Na semana passada apresentei um quadro de cosmovisões majoritárias, baseado na análise de James Sire e terminamos refletindo sobre duas questões: Seria o cristianismo (ou teísmo) apenas mais uma cosmovisão, dentre as muitas que existem? Como saber que a cosmovisão cristã é a correta, se existem tantas opções? Bom, uma resposta simples (e até meio clichê) para estas perguntas seria: é tudo uma questão de fé.

É uma questão de fé porque não é possível provar que Deus existe, assim como também não é possível provar que Ele não existe. Porque não estávamos lá para saber como o universo foi criado e também porque não viveremos tempo suficiente para saber quais as conclusões da ciência amanhã ou depois. E embora estejamos acostumadas a crer prontamente no que é “provado cientificamente”, os anos tem mostrado que o conhecimento produzido pela ciência é tão efêmero quanto o iPhone 6: só dura até a chegada do 7. Ontem era proibido comer mais de um ovo por dia, hoje é saudável fazê-lo. Ontem não existia partícula menor que o elétron, hoje existem quarks, neutrinos e bósons. E assim, a humanidade vai “tateando”, buscando encontrar a verdade a partir de sua visão limitada (At 17:27).

É claro que, nesse ponto, você que lê nosso blog sabe que cremos claramente no teísmo. Mas o que estou querendo dizer quando digo “é tudo uma questão de fé”, é que na verdade eu posso argumentar a favor do teísmo, criticar de mil maneiras as outras cosmovisões (como James Sire faz em seu livro), mas jamais conseguirei convencer o seu coração a respeito da verdade. Como vimos em nosso primeiro artigo, cosmovisão é um compromisso de coração. Assim, o único que pode fazê-lo é Deus, como afirma Jonas Madureira, “[…] o que muda a cosmovisão de alguém não são nossos argumentos, mas a graça divina e o testemunho interno do Espírito Santo […]”. Jesus fala sobre essa ação do Espírito em João 16:8, afirmando que é o próprio Espírito que “convence do pecado, da justiça e do juízo” e também muitos outros textos apontam para a mesma direção, mostrando que sem a ação do Espírito é impossível ser salvo (Tt 3:5, Jo 3:5-6).
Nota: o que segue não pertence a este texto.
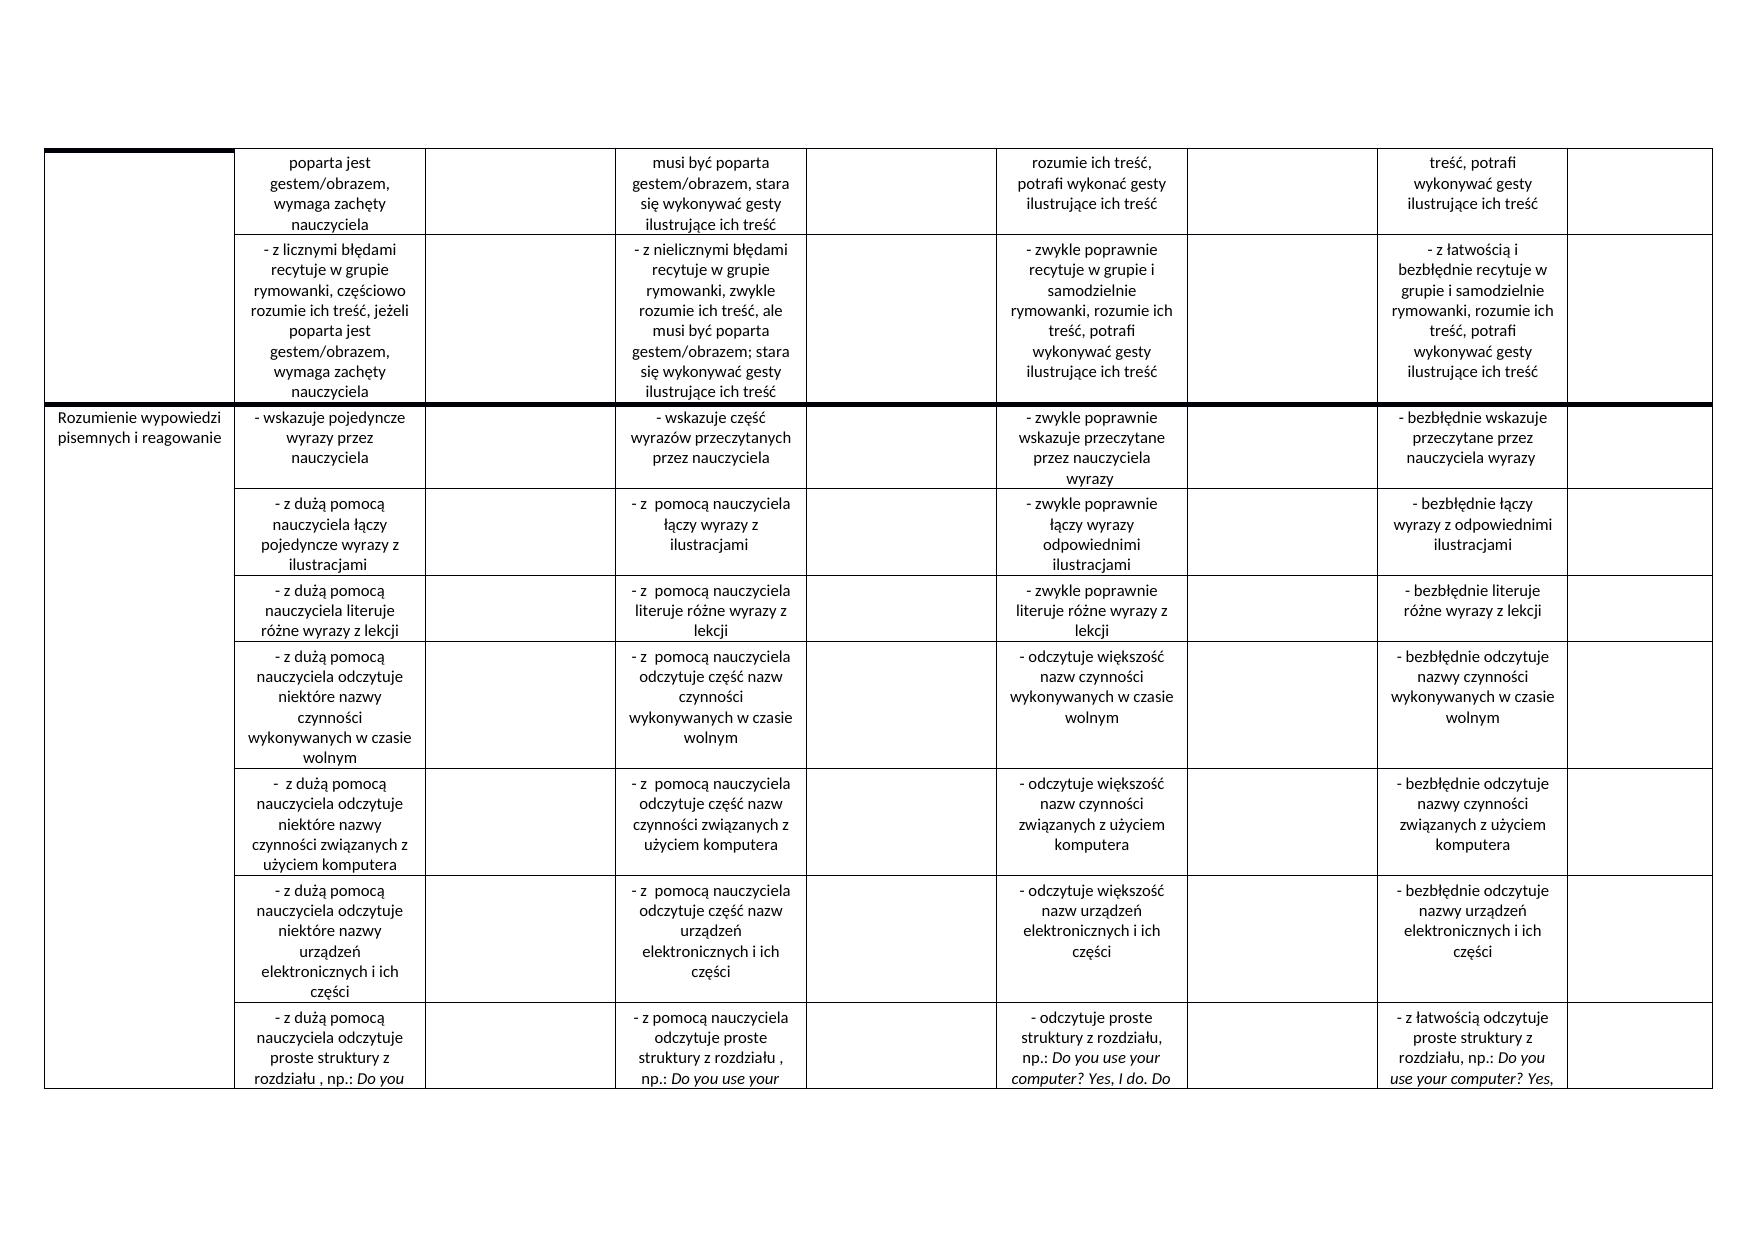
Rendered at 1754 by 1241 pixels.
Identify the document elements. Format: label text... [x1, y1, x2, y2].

Uma vez que sabemos que o único capaz de transformar nossa cosmovisão é Deus, podemos então concluir também, junto com Madureira que “Se alguém se converte e entrega sua vida a Cristo, não é devido seu poder de persuasão ou argumentação brilhante, mas por conta da obra de Deus. Se a pessoa está arrependida é porque ela foi convencida pelo Espírito e não por você”. Isso implica em algumas atitudes importantes na hora do evangelismo:

Não confie em si mesma. Às vezes achamos que nossos argumentos ou apelos são capazes de convencer alguém sobre alguma coisa, mas como já concluímos, não temos poder para convencer. Quem convence é o Espírito Santo de Deus! Ué, se não é você que convence, não infle seu ego, não tente ganhar a discussão! Isso só gerará mais ódio na medida em que mostrará à pessoa que você não está interessada em compartilhar sua fé, mas sim em impor sua fé. Lembre-se: Deus não impõe a fé a ninguém. Por mais que seja soberano e que a salvação dependa exclusivamente de Sua vontade, Ele nos CONVENCE e não nos FORÇA a aceitá-lo. Isso significa que, quando uma pessoa realmente entrega sua vida a Cristo, ela o faz concordando genuinamente com o Espírito em seu íntimo – e não fingindo concordar ou concordando por obrigação. Por isso, ore para que Ele faça o trabalho que você não pode fazer!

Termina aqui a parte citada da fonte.